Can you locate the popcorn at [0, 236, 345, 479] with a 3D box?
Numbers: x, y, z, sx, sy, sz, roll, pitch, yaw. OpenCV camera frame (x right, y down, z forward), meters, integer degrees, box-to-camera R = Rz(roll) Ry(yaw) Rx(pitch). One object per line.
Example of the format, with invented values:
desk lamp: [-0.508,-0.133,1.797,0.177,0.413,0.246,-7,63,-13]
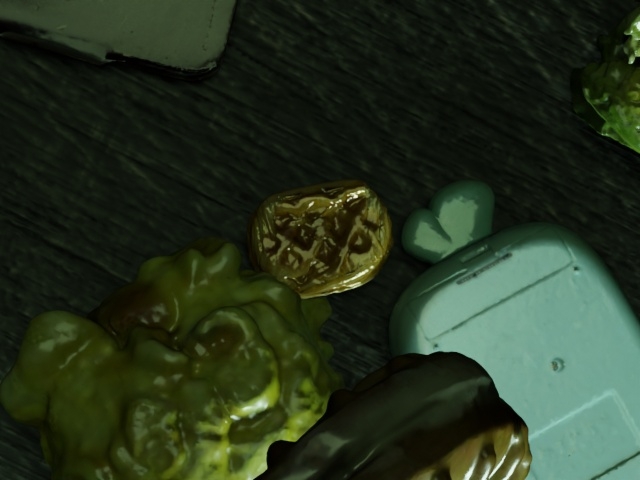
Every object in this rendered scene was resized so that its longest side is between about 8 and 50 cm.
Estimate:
popcorn: [-0.092,0.103,1.243,0.217,0.181,0.235,32,65,4]

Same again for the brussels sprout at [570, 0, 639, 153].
brussels sprout: [0.290,-0.123,1.382,0.181,0.100,0.139,4,88,-8]

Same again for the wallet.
wallet: [-0.188,-0.206,1.370,0.255,0.031,0.137,14,78,-3]

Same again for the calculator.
calculator: [0.156,0.091,1.346,0.184,0.042,0.295,-28,84,-12]

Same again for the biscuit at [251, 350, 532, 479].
biscuit: [0.005,0.205,1.161,0.332,0.332,0.103,-40,69,-13]

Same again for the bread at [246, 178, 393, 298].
bread: [0.000,0.000,1.346,0.111,0.044,0.083,-13,84,-8]

**Task item**
Retype the lines beginning at the one containing "Every object in" and ending at the final line of the material, both included.

**Completed task**
Every object in this rendered scene was resized so that its longest side is between about 8 and 50 cm.
Estimate:
popcorn: [-0.092,0.103,1.243,0.217,0.181,0.235,32,65,4]

Same again for the brussels sprout at [570, 0, 639, 153].
brussels sprout: [0.290,-0.123,1.382,0.181,0.100,0.139,4,88,-8]

Same again for the wallet.
wallet: [-0.188,-0.206,1.370,0.255,0.031,0.137,14,78,-3]

Same again for the calculator.
calculator: [0.156,0.091,1.346,0.184,0.042,0.295,-28,84,-12]

Same again for the biscuit at [251, 350, 532, 479].
biscuit: [0.005,0.205,1.161,0.332,0.332,0.103,-40,69,-13]

Same again for the bread at [246, 178, 393, 298].
bread: [0.000,0.000,1.346,0.111,0.044,0.083,-13,84,-8]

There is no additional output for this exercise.